In view of this, the question can also be raised regarding the third project, »Basicray Netcasting Service« by Vladimir Muzhesky (New York), about what unconscious elements are present. This work deals directly with the attack on the World Trade Center of September 11, and is the continuation of a series of fictive TV programs on the internet that Muszhesky started together with other artists and technicians under the names Basicray and love28. It is a video stream lasting about five minutes in which we see a Barbie-like cyborg woman standing in front of the smoking ruins of New York, who reads a text like a newsreader: The »global system has lost its balance« and cannot be restored. »The death of power symbols is the beginning of a confusing and painful but vital process of reorientation and enlightenment. It is a call for new progressive mentalities to enter the global scene and replace what Bataille called restricted economies. Without exaggeration this challenge is critical to our survival and prosperity.«

It is remarkable that this »synthetic Angel of Death« (press statement), who is also a bringer of hope, is young and female. In the three preceding Net-TV casts from the series, it was also a young, female figure that spoke to the Net audience with a rigid facial expression and a monotone, synthetic voice. Femininity thus has a very specific meaning here. Her sex wants to say something that lies beyond the text she speaks. With her body, which seems on the one hand dispossessed, immaterial and fleeting, and on the other petrified in its impenetrable compactness, she backs up »her« plea of instability. In other words: her body and her sex stabilize the instability of which she speaks, and which she also embodies through her non-authentic femininity and physicality. She is the personification of instability. The suspicion even arises that her 3D body, which makes what is being documented seem like a completely unreal science-fiction scenario, could be interpreted as a form of control and a denial of the historically real, contrary to the conscious intention of the work.

»Basicray Netcasting Service« can thus not only be read not only as the attempt to deal with (or possibly to obscure) a traumatic event, but also as an attempt to give it meaning retrospectively, with the option of the creation of new subject positions. The fact that the female body is referred to as an allegory indicates, however, that, despite all progressivity, traditional images of women are used to express matters of universal import, which gives it all a bitter aftertaste when seen from a feminist angle. Without this point of view, it is of course not noticed, for the absorbing subject and seductive esthetics skillfully cover up the language of the unconscious male fantasies.

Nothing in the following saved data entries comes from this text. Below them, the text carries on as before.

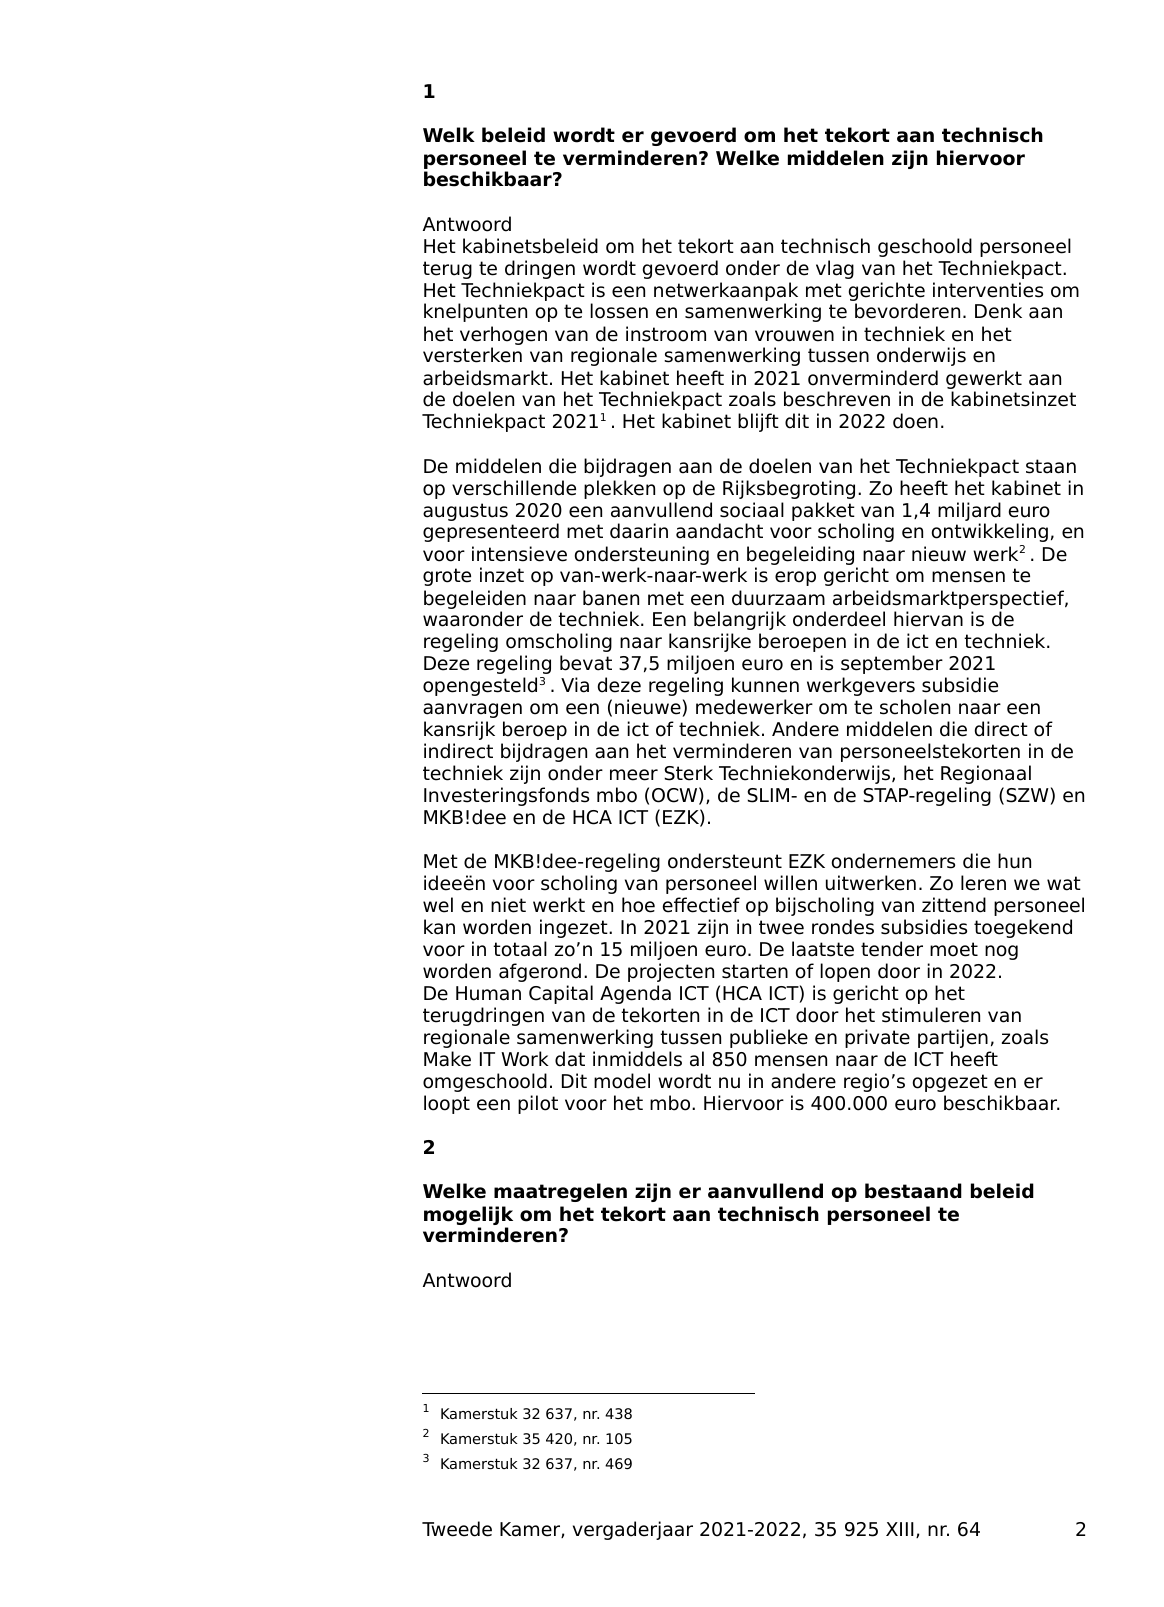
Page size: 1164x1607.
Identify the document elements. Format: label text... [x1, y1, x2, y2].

text Het kabinetsbeleid om het tekort aan technisch geschoold personeel terug te dringen wordt gevoerd onder de vlag van het Techniekpact. Het Techniekpact is een netwerkaanpak met gerichte interventies om knelpunten op te lossen en samenwerking te bevorderen. Denk aan het verhogen van de instroom van vrouwen in techniek en het versterken van regionale samenwerking tussen onderwijs en arbeidsmarkt. Het kabinet heeft in 2021 onverminderd gewerkt aan de doelen van het Techniekpact zoals beschreven in de kabinetsinzet Techniekpact 2021. Het kabinet blijft dit in 2022 doen. [422, 236, 1087, 433]
subtitle 2 [422, 1137, 1087, 1159]
text Antwoord [422, 213, 1087, 236]
text Antwoord [422, 1269, 1087, 1292]
subtitle 1 [422, 81, 1087, 103]
text De middelen die bijdragen aan de doelen van het Techniekpact staan op verschillende plekken op de Rijksbegroting. Zo heeft het kabinet in augustus 2020 een aanvullend sociaal pakket van 1,4 miljard euro gepresenteerd met daarin aandacht voor scholing en ontwikkeling, en voor intensieve ondersteuning en begeleiding naar nieuw werk. De grote inzet op van-werk-naar-werk is erop gericht om mensen te begeleiden naar banen met een duurzaam arbeidsmarktperspectief, waaronder de techniek. Een belangrijk onderdeel hiervan is de regeling omscholing naar kansrijke beroepen in de ict en techniek. Deze regeling bevat 37,5 miljoen euro en is september 2021 opengesteld. Via deze regeling kunnen werkgevers subsidie aanvragen om een (nieuwe) medewerker om te scholen naar een kansrijk beroep in de ict of techniek. Andere middelen die direct of indirect bijdragen aan het verminderen van personeelstekorten in de techniek zijn onder meer Sterk Techniekonderwijs, het Regionaal Investeringsfonds mbo (OCW), de SLIM- en de STAP-regeling (SZW) en MKB!dee en de HCA ICT (EZK). [422, 456, 1087, 829]
text Met de MKB!dee-regeling ondersteunt EZK ondernemers die hun ideeën voor scholing van personeel willen uitwerken. Zo leren we wat wel en niet werkt en hoe effectief op bijscholing van zittend personeel kan worden ingezet. In 2021 zijn in twee rondes subsidies toegekend voor in totaal zo’n 15 miljoen euro. De laatste tender moet nog worden afgerond. De projecten starten of lopen door in 2022. [422, 851, 1087, 983]
text Kamerstuk 32 637, nr. 469 [422, 1452, 1087, 1474]
text Kamerstuk 32 637, nr. 438 [422, 1402, 1087, 1424]
text Welke maatregelen zijn er aanvullend op bestaand beleid mogelijk om het tekort aan technisch personeel te verminderen? [422, 1181, 1087, 1247]
text Welk beleid wordt er gevoerd om het tekort aan technisch personeel te verminderen? Welke middelen zijn hiervoor beschikbaar? [422, 125, 1087, 191]
text De Human Capital Agenda ICT (HCA ICT) is gericht op het terugdringen van de tekorten in de ICT door het stimuleren van regionale samenwerking tussen publieke en private partijen, zoals Make IT Work dat inmiddels al 850 mensen naar de ICT heeft omgeschoold. Dit model wordt nu in andere regio’s opgezet en er loopt een pilot voor het mbo. Hiervoor is 400.000 euro beschikbaar. [422, 983, 1087, 1115]
text Kamerstuk 35 420, nr. 105 [422, 1427, 1087, 1449]
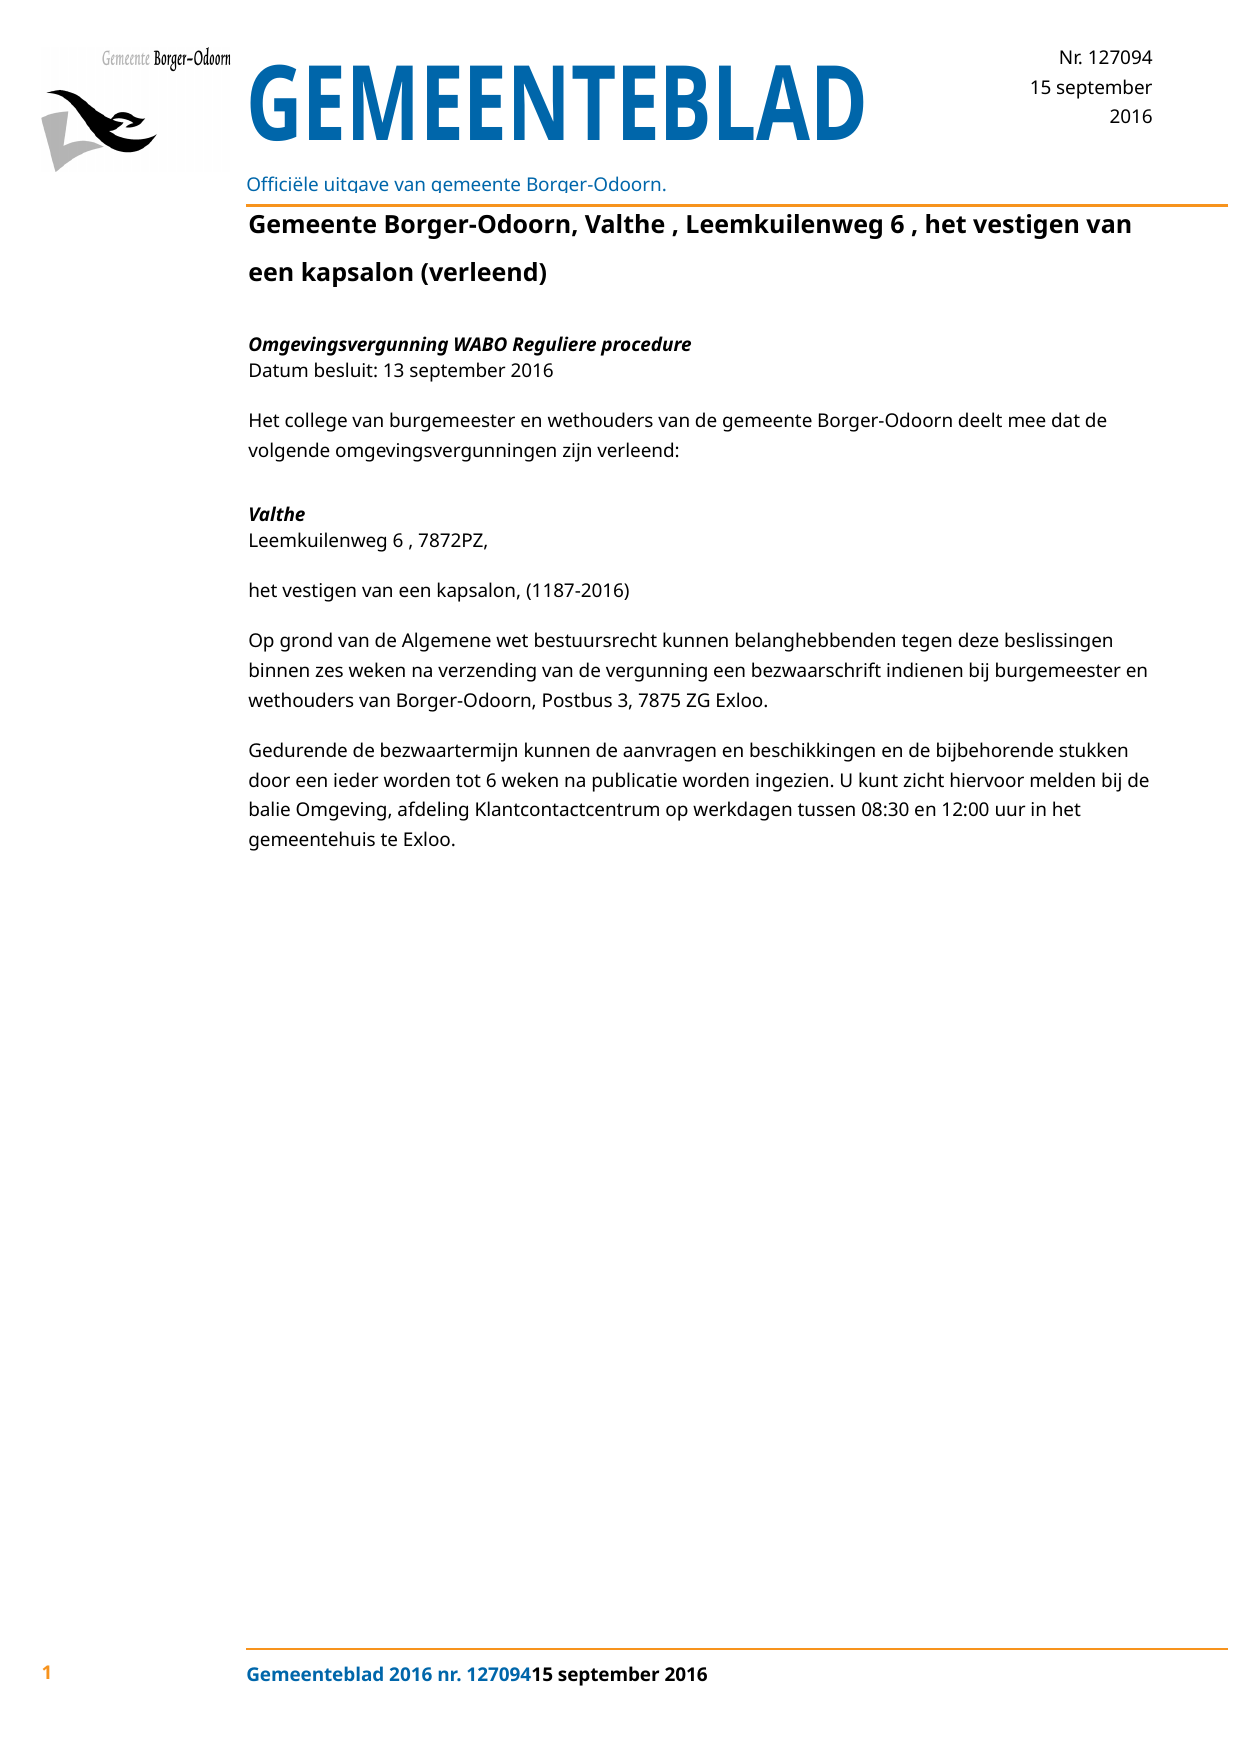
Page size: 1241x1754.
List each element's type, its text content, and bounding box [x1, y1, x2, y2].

text Op grond van de Algemene wet bestuursrecht kunnen belanghebbenden tegen deze beslissingen binnen zes weken na verzending van de vergunning een bezwaarschrift indienen bij burgemeester en wethouders van Borger-Odoorn, Postbus 3, 7875 ZG Exloo. [248, 628, 1152, 713]
text Leemkuilenweg 6 , 7872PZ, [248, 527, 1152, 553]
text Gemeente Borger-Odoorn, Valthe , Leemkuilenweg 6 , het vestigen van een kapsalon (verleend) [248, 207, 1152, 288]
text het vestigen van een kapsalon, (1187-2016) [248, 577, 1152, 603]
text Omgevingsvergunning WABO Reguliere procedure [248, 331, 1152, 357]
text Het college van burgemeester en wethouders van de gemeente Borger-Odoorn deelt mee dat de volgende omgevingsvergunningen zijn verleend: [248, 408, 1152, 463]
text Gedurende de bezwaartermijn kunnen de aanvragen en beschikkingen en de bijbehorende stukken door een ieder worden tot 6 weken na publicatie worden ingezien. U kunt zicht hiervoor melden bij de balie Omgeving, afdeling Klantcontactcentrum op werkdagen tussen 08:30 en 12:00 uur in het gemeentehuis te Exloo. [248, 737, 1152, 852]
text Valthe [248, 501, 1152, 527]
text Datum besluit: 13 september 2016 [248, 357, 1152, 383]
picture [41, 47, 231, 172]

Finally, »The Great Game« by John Klima, which is the present project, modeled on a computer game, is the most concrete analysis of the contemporary political landscape, the war in Afghanistan and its meaning for our life. He does not play all this through using a universalized female body, but provides facts of war strategy. And the players learn very directly that medial realities are also material realities.

 

Translated by Tim Jones

 

1 Barbara Basting, Reinhard Storz, Monica Studer, Christoph v. d. Berg, Hans Rudolf Reust

2 http://www.xcult.org/shrink/interface.html

»Shrink to fit« will be on display from November to May 2002 as an installation as well (with online connection) in the Museum für Kommunikation in Berne. There will also be a research project carried out by the Hochschulen für Gestaltung und Kunst (Schools of Design and Art) in Basel and Berne (supervised by Reinhard Storz and Hans Rudolf Reust) on the subject »Netzkunst online und im Museum« (Net.Art Online and in Museums). The Museum für Kommunikation and the Museum für Kunst der Gegenwart in Berne are the third partner . What is important is that the research project pays the production costs and does not only provide the context, as is often the case, particularly with Net art.